Colleges and universities within The Wesleyan Church (TWC) are implementing a variety of strategies and initiatives to support multicultural environments.
Houghton College’s Mosaic Multicultural Center has served as the university’s main resource to promote diversity and discipleship since it opened its doors on the Houghton, New York, campus in January 2018. The center hosts several discussions that aim to bridge cultural gaps.
“This initiative is centered around creating dedicated space to think creatively and faithfully about how to be a welcoming and loving multicultural community,” said Michael Jordan, Houghton’s dean of Chapel.
Southern Wesleyan University (SWU) has also taken steps to embrace a multicultural learning environment in the Central, South Carolina, area.

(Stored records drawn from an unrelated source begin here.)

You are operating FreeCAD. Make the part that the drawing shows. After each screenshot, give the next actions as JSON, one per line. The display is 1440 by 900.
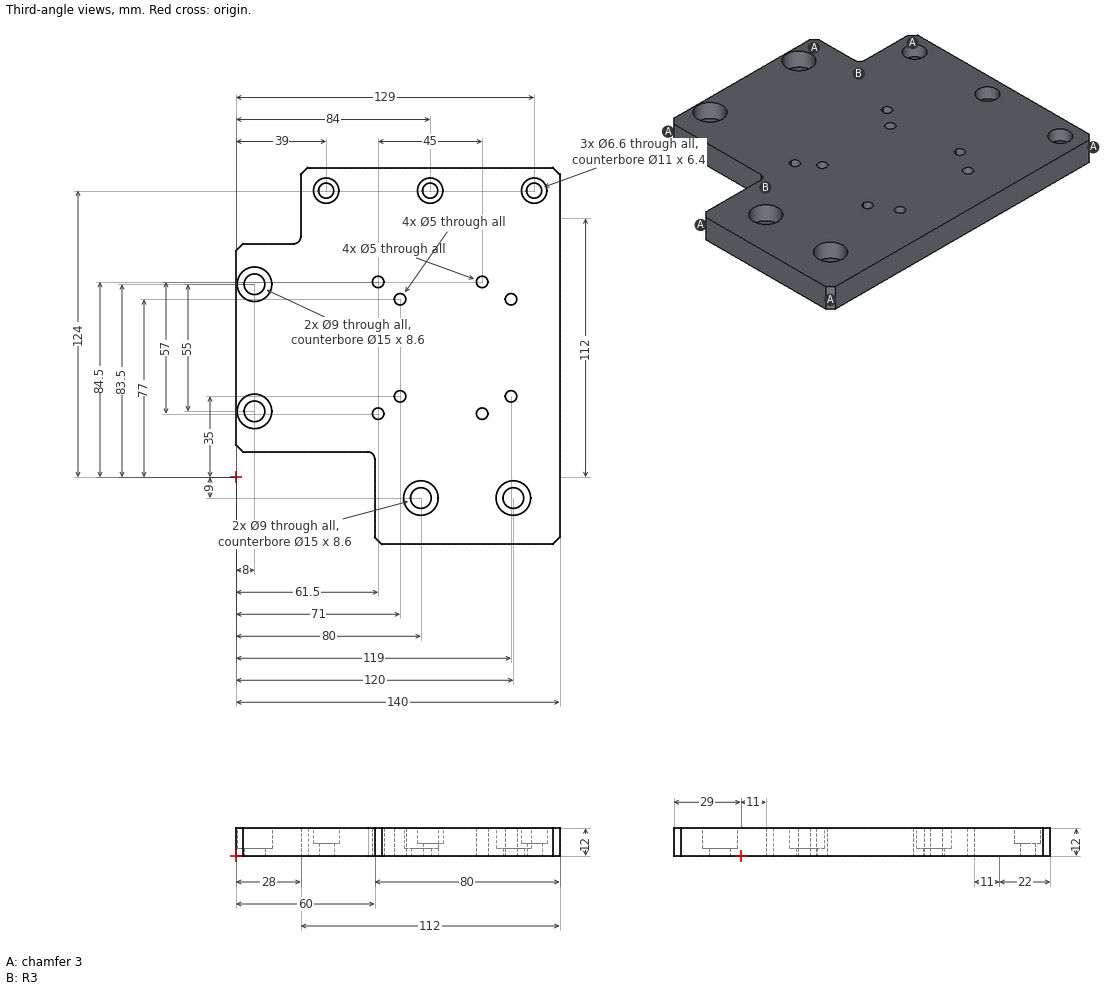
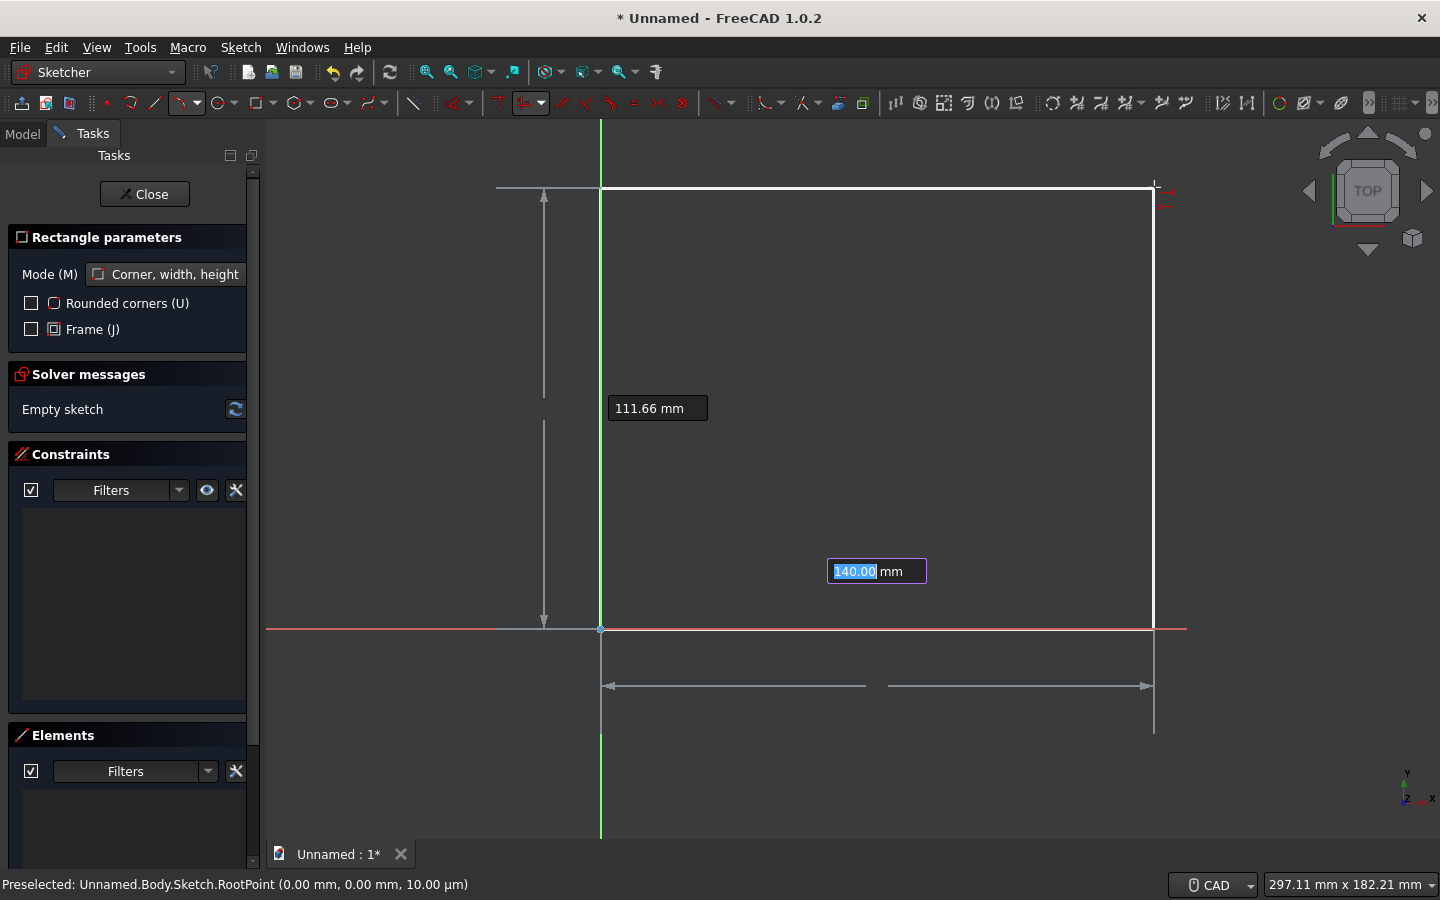
{"action": "type", "text": "140"}
{"action": "key", "text": "Tab"}
{"action": "type", "text": "112"}
{"action": "key", "text": "Return"}
{"action": "key", "text": "Escape"}

“With the help of a federal grant, SWU recently instituted a Student Support Services Program to provide many different types of academic support for low-income and first-generation college students,” said Ed Welch, SWU’s director of communications.
Welch also mentioned the Call Me MISTER program that prepares minority students to serve as educators in areas where it’s typically difficult to recruit teachers.

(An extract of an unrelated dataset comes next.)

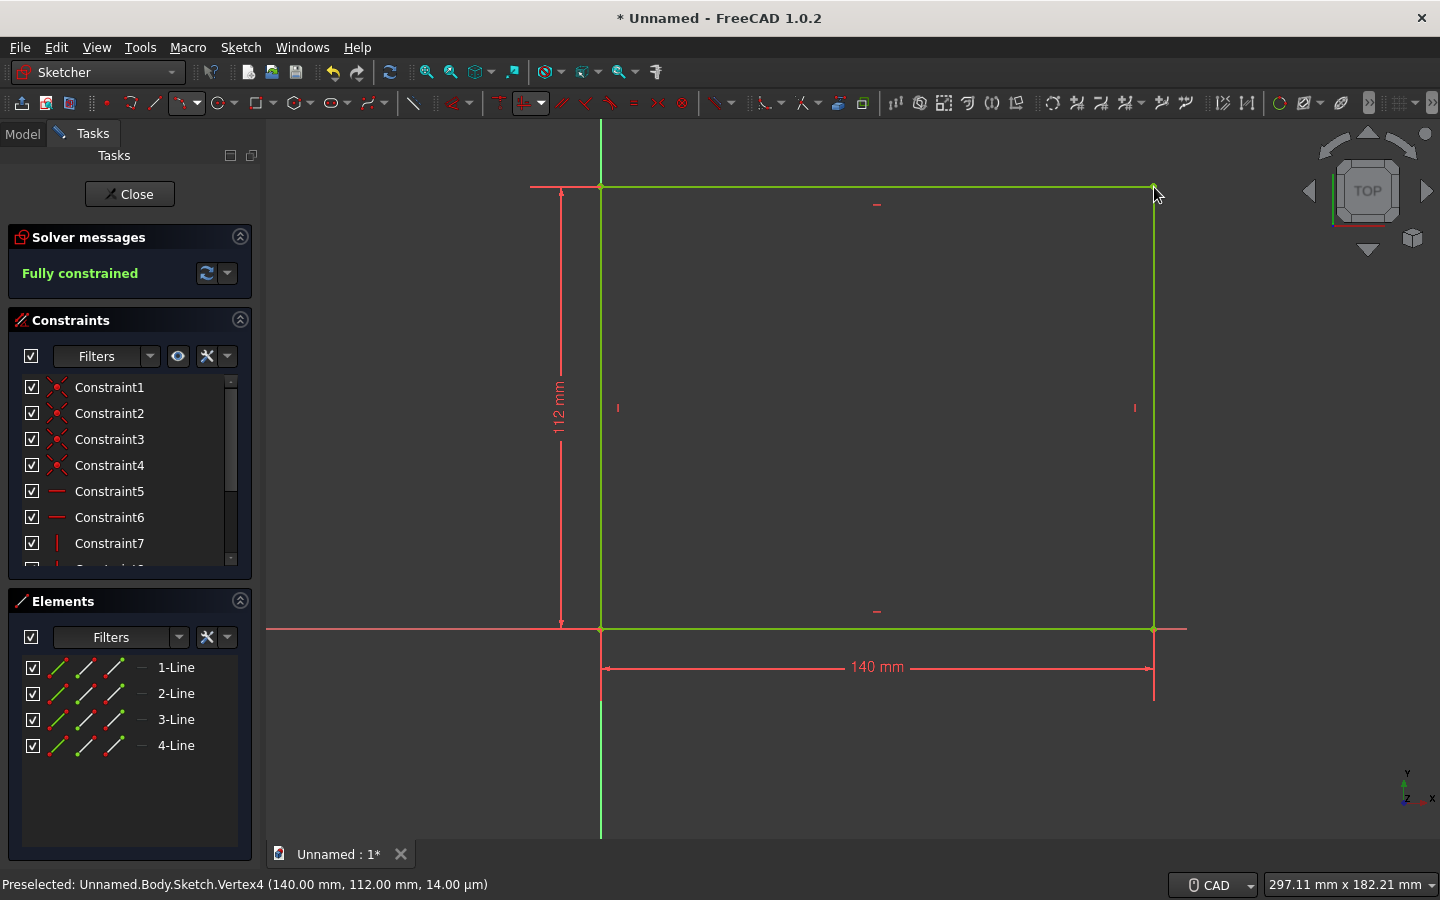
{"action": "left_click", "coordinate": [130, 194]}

Kingswood University’s Haiti Initiative reaches across borders to encourage multicultural conversations and programs. The Haiti Initiative welcomes students from Haiti to bring their familiarities and culture to Kingswood, located in Sussex, New Brunswick, Canada. It also encourages them to develop broader understanding and experiences to bring to their native culture.
“We understand that diversity goes beyond what we’re looking to do in the Haiti Initiative,” said Kingswood President Steve Lennox. “But we do believe that it [the Haiti Initiative] will contribute to the broadening and culture sensitivity that diversity can bring.”
Megan England, media relations coordinator for Oklahoma Wesleyan University, said the Culture Connections group is bringing together different ethnicities represented on the Bartlesville, Oklahoma, campus.
“This year their big focus has been chapel,” said England. “They’ve helped host a Hispanic Heritage Chapel, a chapel for Black History month and are working on some more exciting stuff.”
Indiana Wesleyan University, Marion, Indiana, has taken to the classroom for some time now to embrace multicultural discipleship.
“The development of Unit Diversity Strategic Plans and the formation of Intergroup Dialogue Teams to help facilitate institution wide conversations have been the primary focus of Indiana Wesleyan University’s diversity and inclusion efforts this year,” said Diane McDaniel, vice president of Multicultural Enrichment. “IWU-Marion, National & Global and Wesley Seminary Diversity Strategic Plans are in the final phase of editing. The plan design comprises five dimensions: intergroup viability and vitality, campus climate and intergroup relations, education and scholarship, recruitment and retention, and outreach and community service.”
Wesley Seminary at Indiana Wesleyan University is also engaging its faculty and students in multiethnic conversations.
“We try to be very intentional about the conversations we have in the classrooms—both face-to-face and online,” said Dr. Abson Joseph, dean of Wesley Seminary. “In terms of programs, we are developing a specialization in intercultural studies. We have an approved specialization in urban leadership under the John and Vera Mae Perkins Foundation. That program is going to be launched in Oakland, California. One of the residency classes is going to be taking place in Mississippi. We’re making decisions both in terms of the curriculum, what we put in it and even in terms of geographical distribution as far as where we go and what we offer.”
“This winter I had the privilege of visiting three of our five universities,” said Rev. Santes Beatty, TWC director of Multiethnic Ministries. “In each case I found these communities having either engaging conversations with students, faculty and administrators around issues of racial reconciliation and diversity or thinking strategically about creating new systems and positions to keep this work on mission and sustainable.
“I was reminded once again that this is a discipleship issue, not just diversity work,” Beatty said, “and that the movement is not limited to our churches but must be done with our students during this critical season of spiritual formation.”